Predicting the Cyber Winter

My descend to cyber paranoia started with an innocent LinkedIn message titled Друг Миха (Friend Miha). It was from Vadim, an old-time Russian friend from my past. He and his brother Genya were known all across the corporation and they knew everybody and everything: Genya was that crazy PhD professor who was always working on kernel-related dark technical projects, he knew Pi up to the 100th decimal place and rarely spoke more than 3 words in a sentence. Vadim, on the other hand, was speaking at least 8 languages (including mine!), was master of Russian martial arts (Система) and had superb wilderness survival skills. Genya and Vadim were the infamous dork-and-playboy brothers, technology geniuses that loved hard mathematical problems and shared a passion for chess and extreme outdoor activities. You know, a regular Russian emigrants that did totally normal things.

I didn’t see either of them for over 7 years, so I was delighted when Vadim sent me a LinkedIn message wondering what am I doing at my new job and if I’d like to come over for a chat about good old times. Who would say no to a chance to reconnect with the famous Russian brothers, right? And who would notice a small remark at the end of the message that said: “I see you are free on Thursday between 3 pm and 6pm, da?

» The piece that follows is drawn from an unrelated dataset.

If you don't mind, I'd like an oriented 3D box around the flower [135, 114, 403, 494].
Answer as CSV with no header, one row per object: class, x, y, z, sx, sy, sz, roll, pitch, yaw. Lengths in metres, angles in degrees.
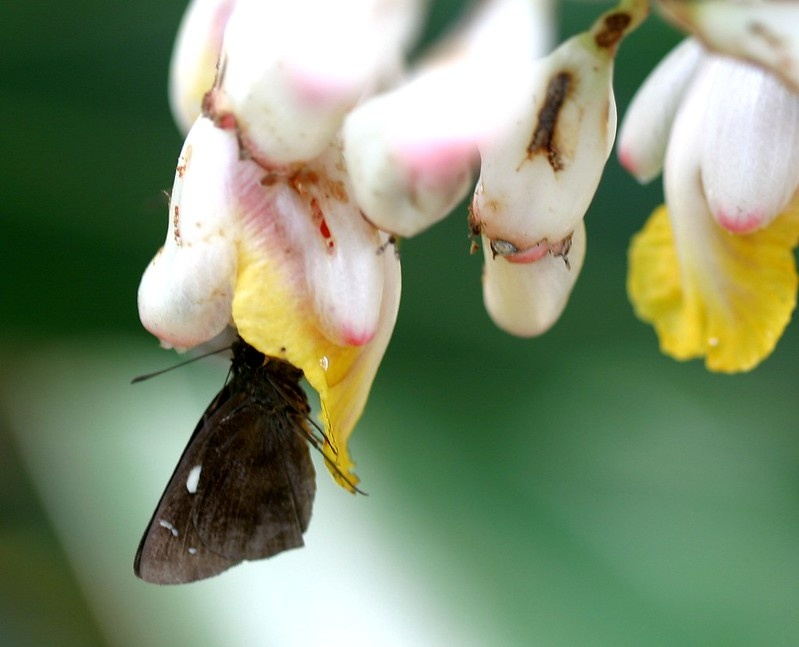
flower,-0.145,0.003,0.909,0.302,0.150,0.239,7,52,-42

So, here I was, standing outside an unmarked building with no activity visible through the windows, ringing a doorbell underneath two surveillance cameras that quietly tracked my movement. The receptionist buzzed me in after a considerable wait and was very apologetic. I can call her Mary, she said, with a thick accent that clearly told me that her name is anything but Mary. If she’d say Nadezhda or Svetlana, or anything Russian-sounding, I wouldn’t mind at all, but by giving me an obviously fake name, she really raised my attention. “Sorry, I didn’t know today you drive your wife’s car. Why you not drive your car?” Huh? How does she know what cars do I drive? And that, my friends, was the moment where all of my tingly sensors went into full alert.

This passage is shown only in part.